The shrine was founded in the 10th-century and has since become one of the most important in the country. This is one of many shrines that is dedicated to Sugawara Michizane, the Shinto deity of scholarship. Amazingly, the original shrine and building have been destroyed many times over the years thanks to fires, with the current hall and gate being in place since 1845. If you head here in July, then be sure to check out Tenjin Matsuri – one of Japan’s biggest festivals.
Momofuku Ando Instant Ramen Museum
It can be easy to take instant ramen noodles for granted. However, it wasn’t until Momofuku Ando noticed the lengthy lines outside ramen shops that he realized there was a need for change. He soon founded Nissin as Momofuku wanted ramen to be available to anyone, anytime. Creating the food was no easy task as it would take plenty of trial and error to make the recipe that many of us know and love today.

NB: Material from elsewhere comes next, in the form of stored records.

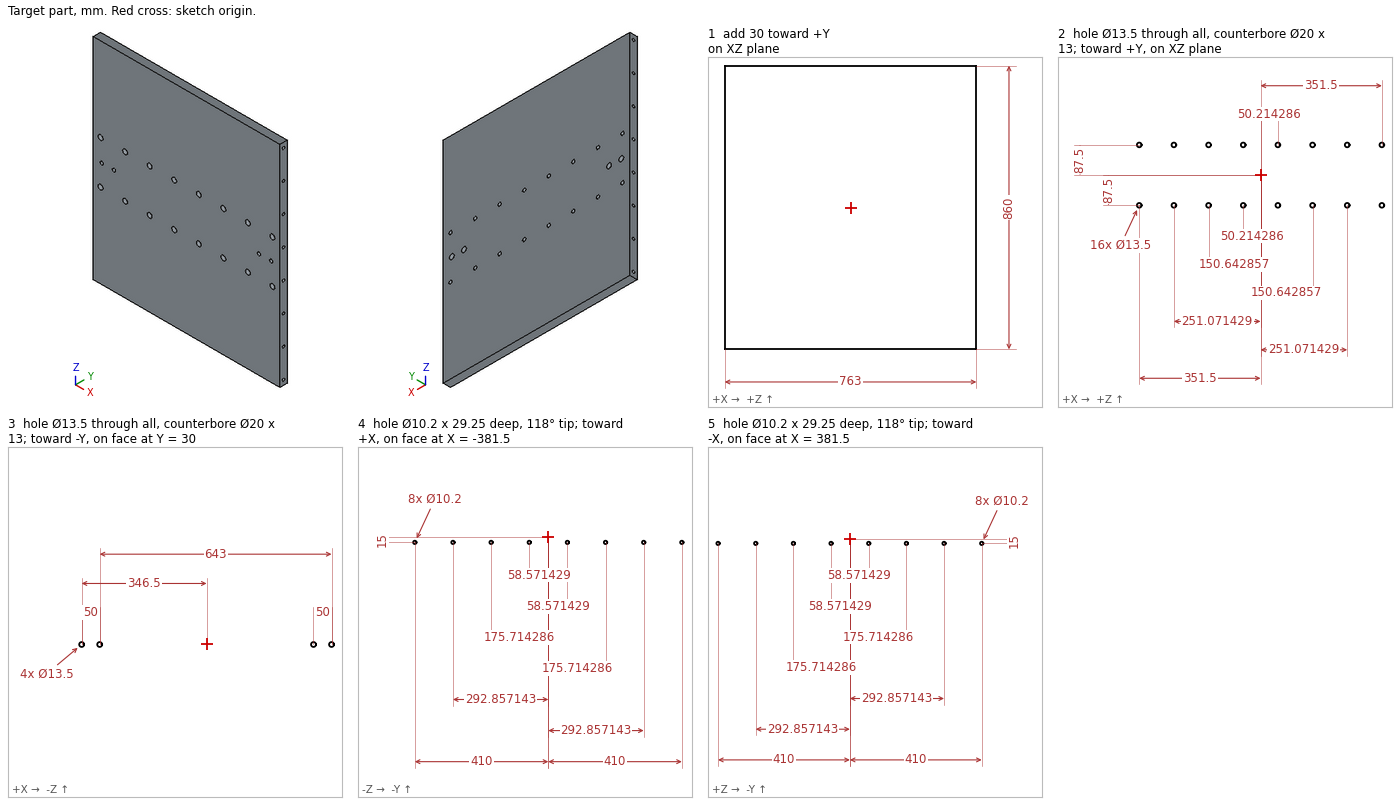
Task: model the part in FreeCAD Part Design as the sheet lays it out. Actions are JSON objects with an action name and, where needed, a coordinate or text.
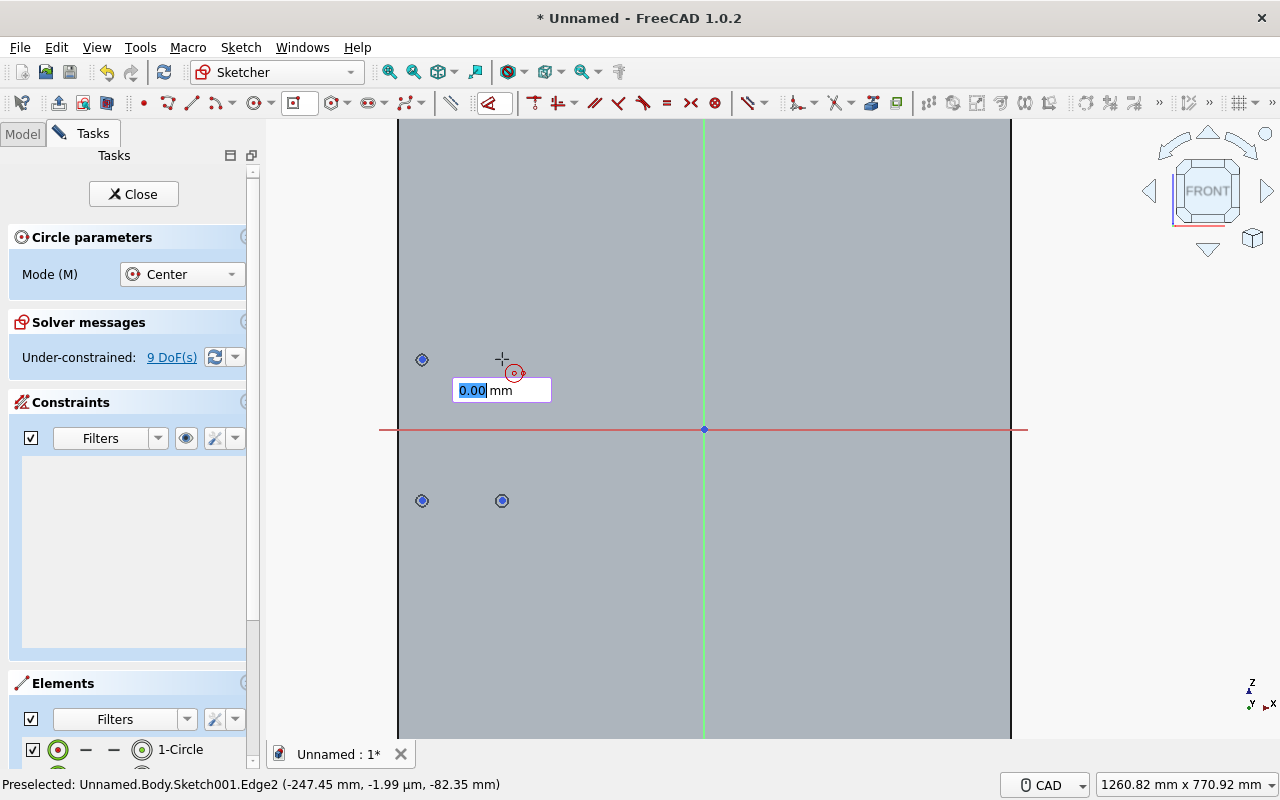
{"action": "scroll", "coordinate": [506, 355], "scroll_direction": "up", "scroll_amount": 6}
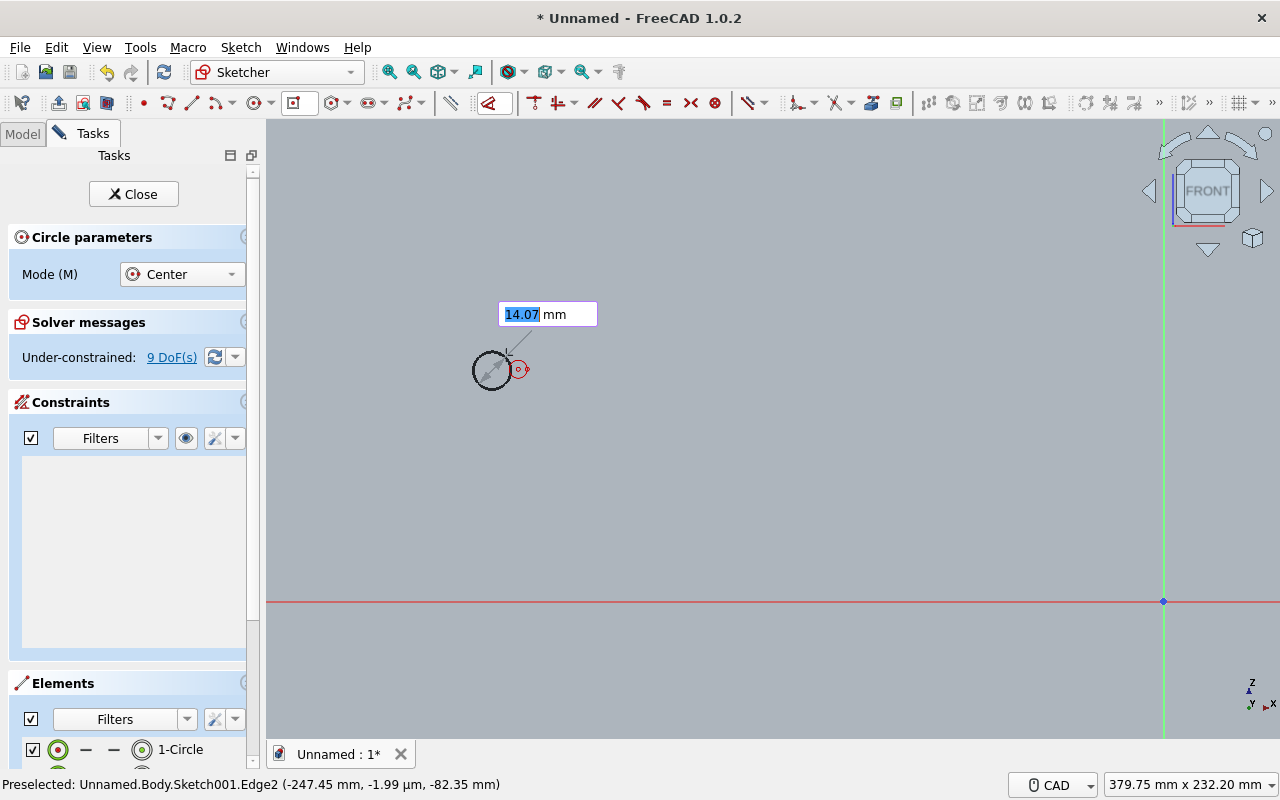
{"action": "left_click", "coordinate": [506, 355]}
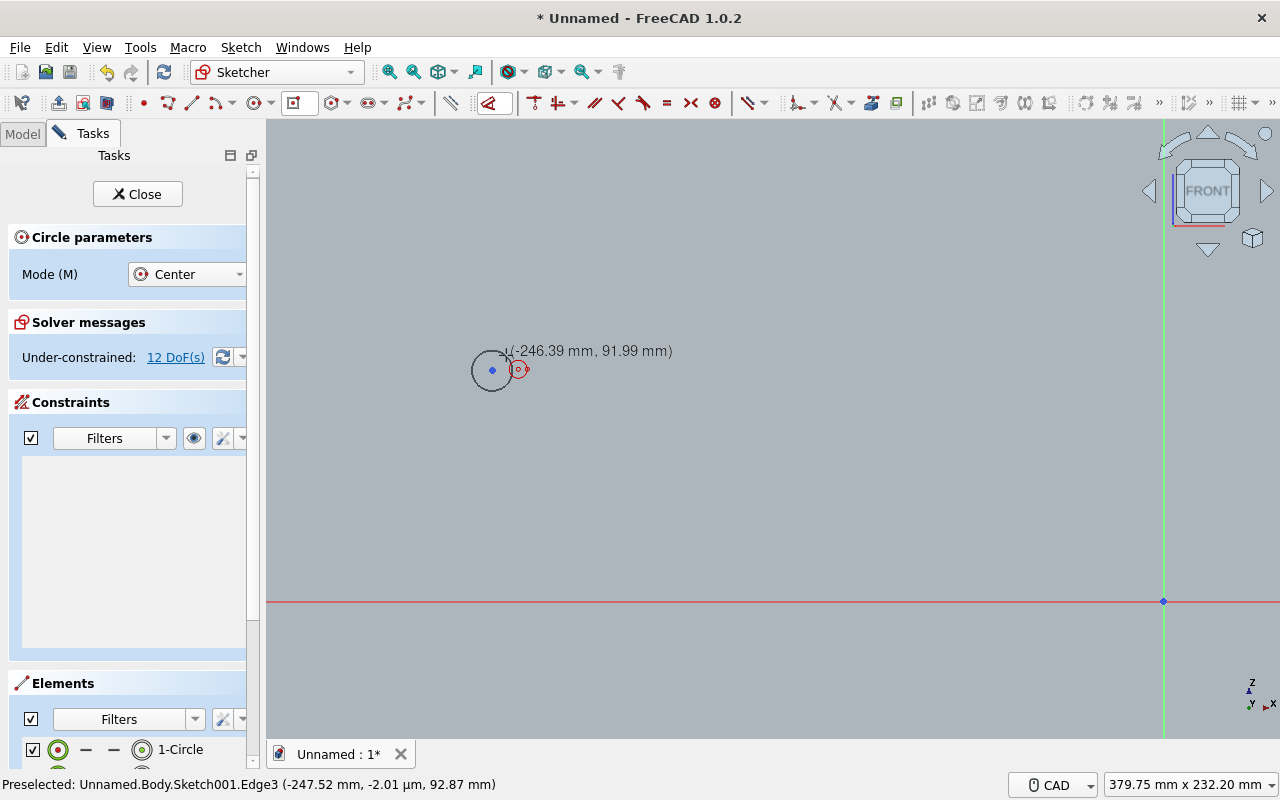
{"action": "scroll", "coordinate": [506, 355], "scroll_direction": "down", "scroll_amount": 6}

Now, people from all around the world have thanked and congratulated the founder for his work. All of this and more can be learned in the Momofuku Ando Instant Ramen Museum as we are taken on a journey through time. We get to learn all about the hidden messages in their advertisements as well as getting the chance to design our own pots and make noodles before collecting a host of memorabilia from the day.
There is a beloved tale that goes with Ohatsu Tenjin. The shrine represents Japan’s answer to Romeo and Juliet as two lovers, an adult worker named Ohatsu, and a soy sauce store owner named Tokubei, met and fell in love. Their tragic story eventually ends with them taking their lives together in the forests of Tsuyuno Tenjinsha. Now, the shrine attracts many couples from around the world who all want to pray for a strong relationship and marriage.

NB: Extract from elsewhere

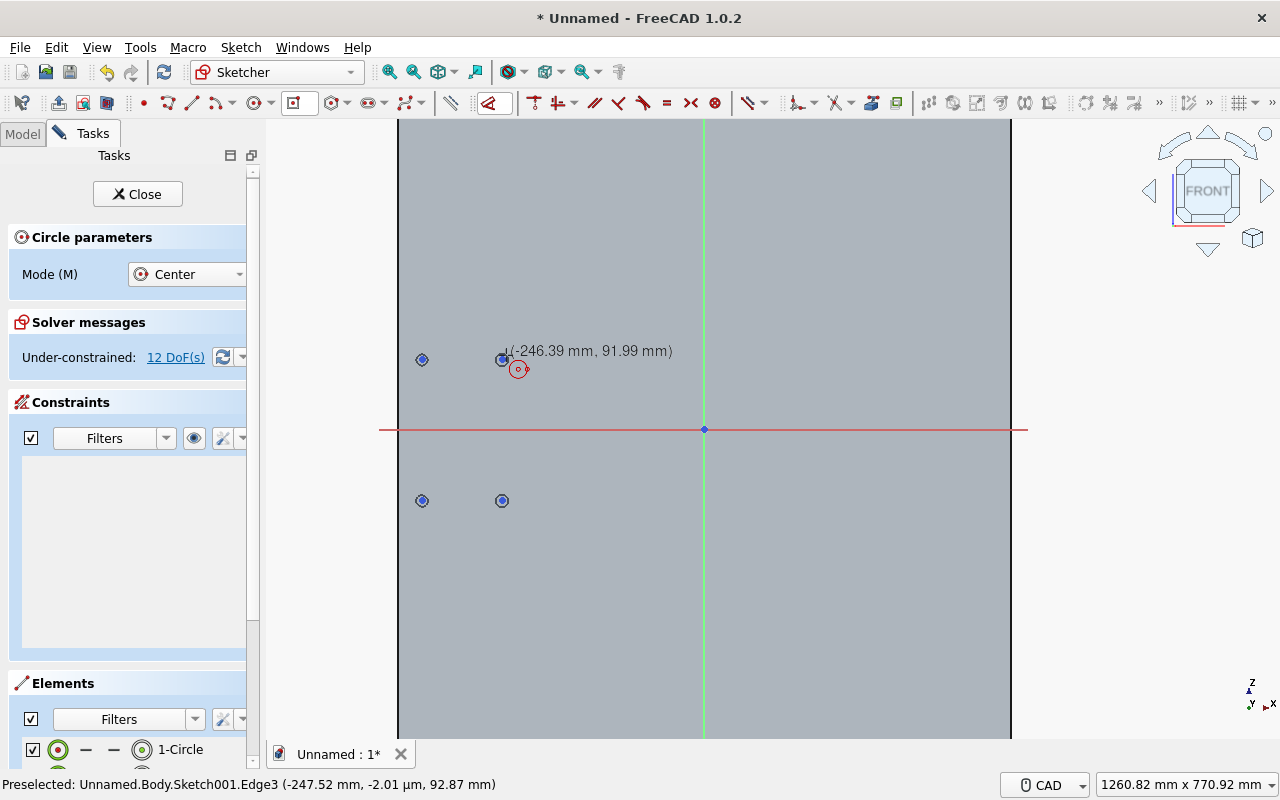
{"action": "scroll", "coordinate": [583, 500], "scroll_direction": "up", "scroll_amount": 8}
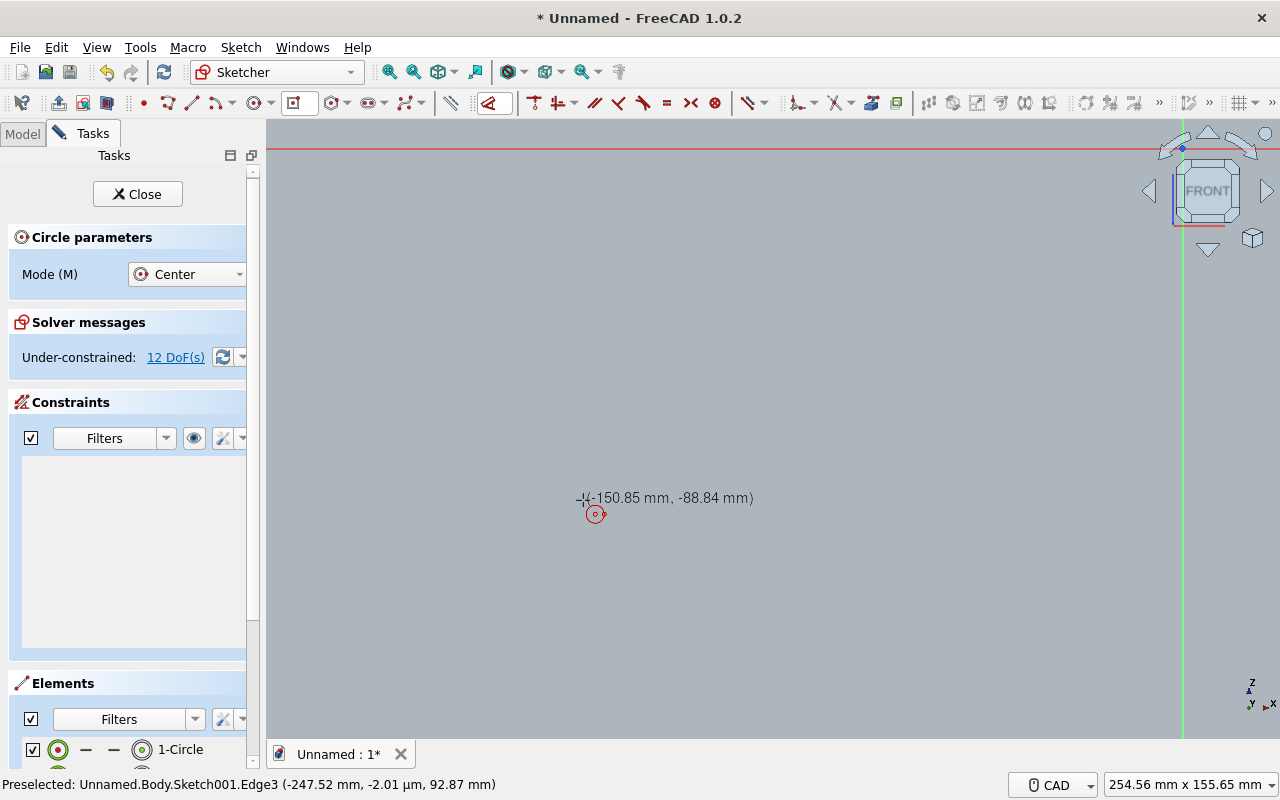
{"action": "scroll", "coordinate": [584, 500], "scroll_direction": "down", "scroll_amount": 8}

There are many ways to make an offering. Some use wooden boards known as Emas to write their wishes. Others draw their own face of beauty as they wish for true beauty for themselves. To top it off, there are also a number of festivals held at the shrine throughout the year, such as the summer festival and the bean-throwing festival.
Just as the name suggests, Spa World is filled with spas to help us relax. The complex is made up of a host of additions, such as pools, saunas, and relaxation rooms. Plus, there are many treatments on offer, meaning there are plenty of ways to unwind at Spa World. Amazingly, it features one of the largest hot spring complexes on the planet as they all use natural spring water to help guests feel as relaxed as possible.

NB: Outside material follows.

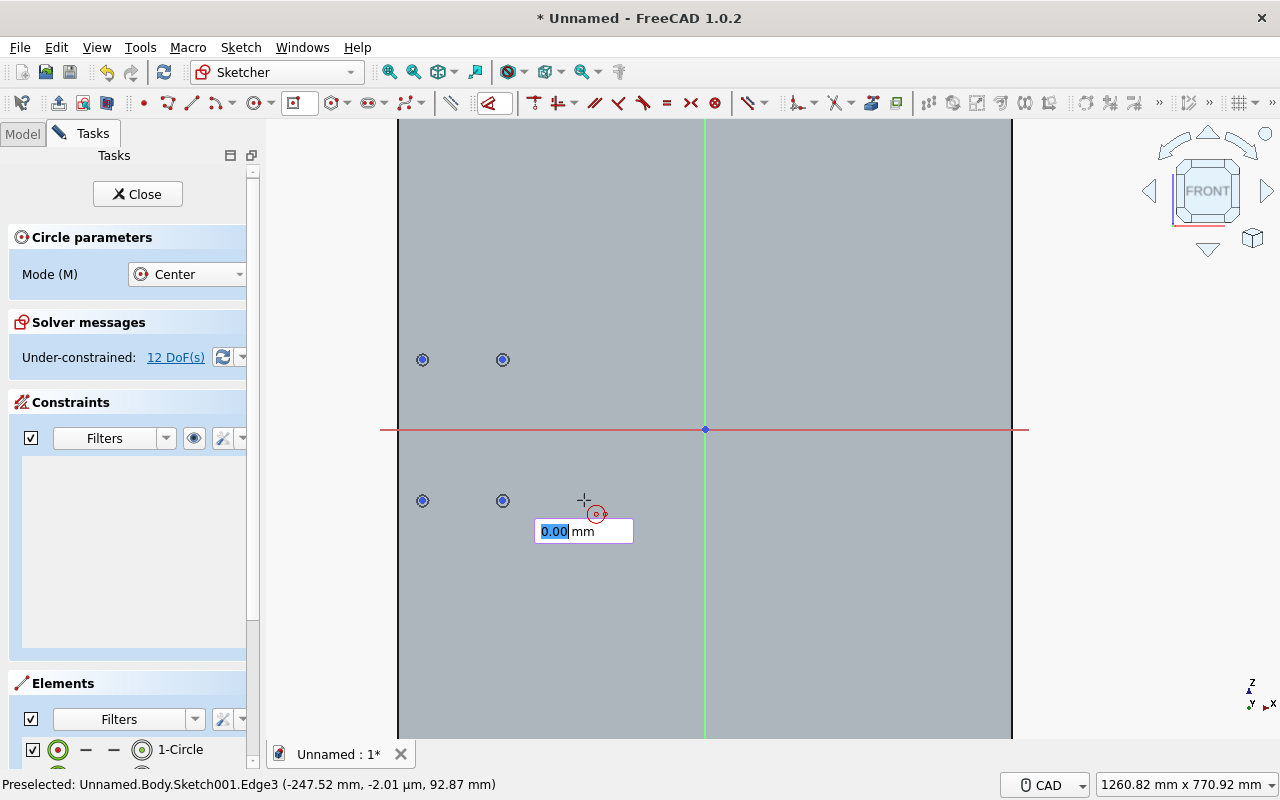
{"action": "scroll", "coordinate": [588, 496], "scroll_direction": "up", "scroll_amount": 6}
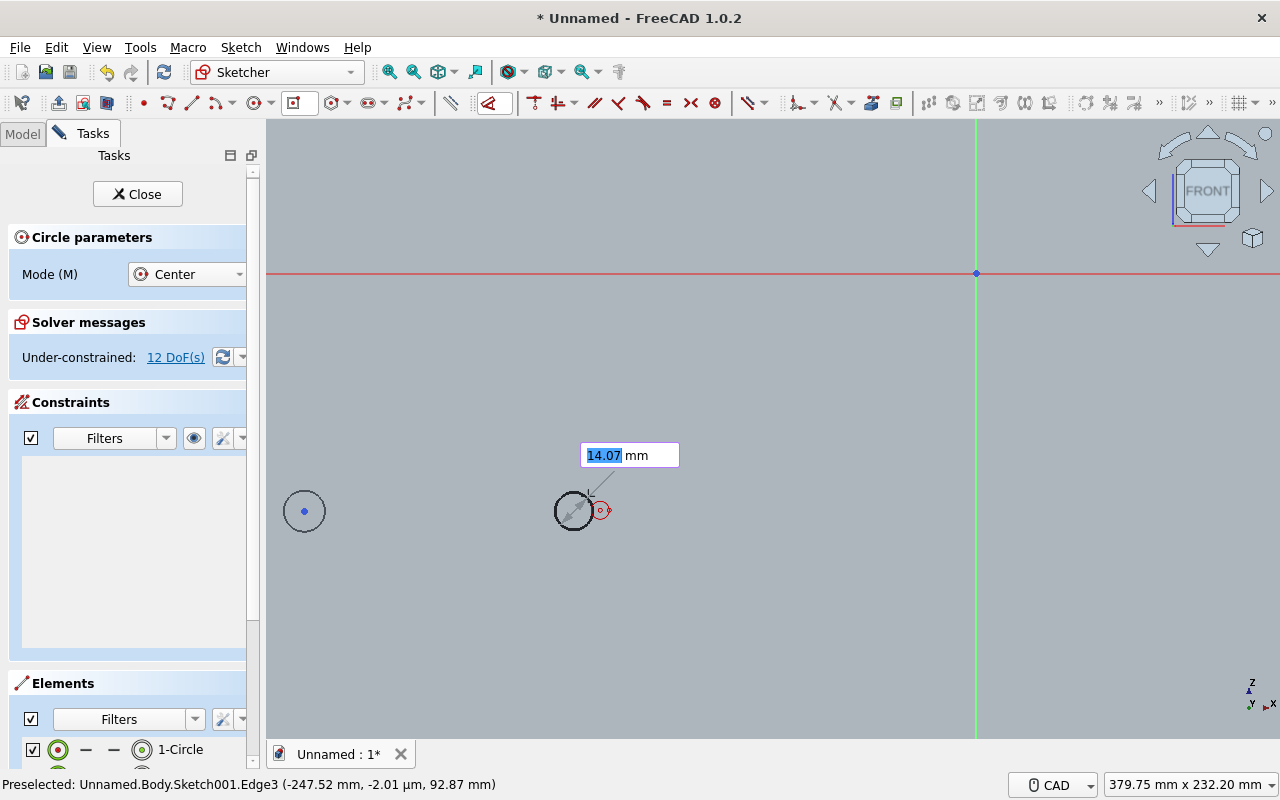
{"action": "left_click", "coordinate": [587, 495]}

Many of the rooms throughout the building are modeled on spas that are found around the world, while the roof is home to a water park for anyone looking to have a little fun during their visit. Spa World is open 24 hours a day, and you can even stay overnight. Just be sure to skip a trip if you have any visible tattoos as there is a strict policy.
There is an incredible feeling that radiated from Peace Osaka. The center is found in Osaka Castle Park where it opened in 1991. However, it has since reopened as a peace museum as well as a memorial to the many people who lost their lives in the Osaka Air Rades. Peace Osaka hopes to help them live on forever as well as find a way to spread the importance of peace to any future generations.
The many exhibits throughout the building showcase the effects that conflict has had on the country over the years, while the Visual Section allows visitors to take a closer look at panels and books on the subject. Another aspect of Peace Osaka is the 250-person auditorium that holds many events throughout the year, such as movies, lectures, concerts, and animations.
Osaka Aquarium Kaiyukan
The Osaka Aquarium Kaiyukan is one of Japan’s most impressive aquariums thanks to the huge number of species that now call it home. There are 15 tanks in the aquarium that all focus on different regions of the Pacific Rim. The central tank is one of the main attractions as it focuses on the Pacific Ocean and has a whale shark roaming freely amongst the other marine life.
Thankfully, the Osaka Aquarium Kaiyukan offers a new way to explore the underwater world as visitors start at the top floor before climbing down eight levels in a spiral. The central tank is in the middle of the room, while the lowering level means that guests here can watch the underwater world from every level. Visitors can get even closer to the action with some species as there are special interactive tanks.
Universal Studios Japan
Amazingly, this park was the first Universal Studios park to open in Asia. It first opened its gates in 2001 and is now the second most visited theme park in the country. There are eight sections in Universal Studios Japan: The Wizarding World of Harry Potter, Universal Wonderland, Waterworld, Jurassic Park, Amity Village, San Francisco,Hollywood, and New York.
Here, people get to enjoy all kinds of rides they would expect from any other Universal Studios park, but with a twist. There are many limited edition souvenirs of your favorite characters available to purchase. Still not enough? Just like Universal parks around the world, Universal Studios Japan has plenty of shows throughout the day and night as well as our favorite mascots roaming the streets for any photo opportunities along the way. It’s certainly a destination to add to the list of things to do in Osaka.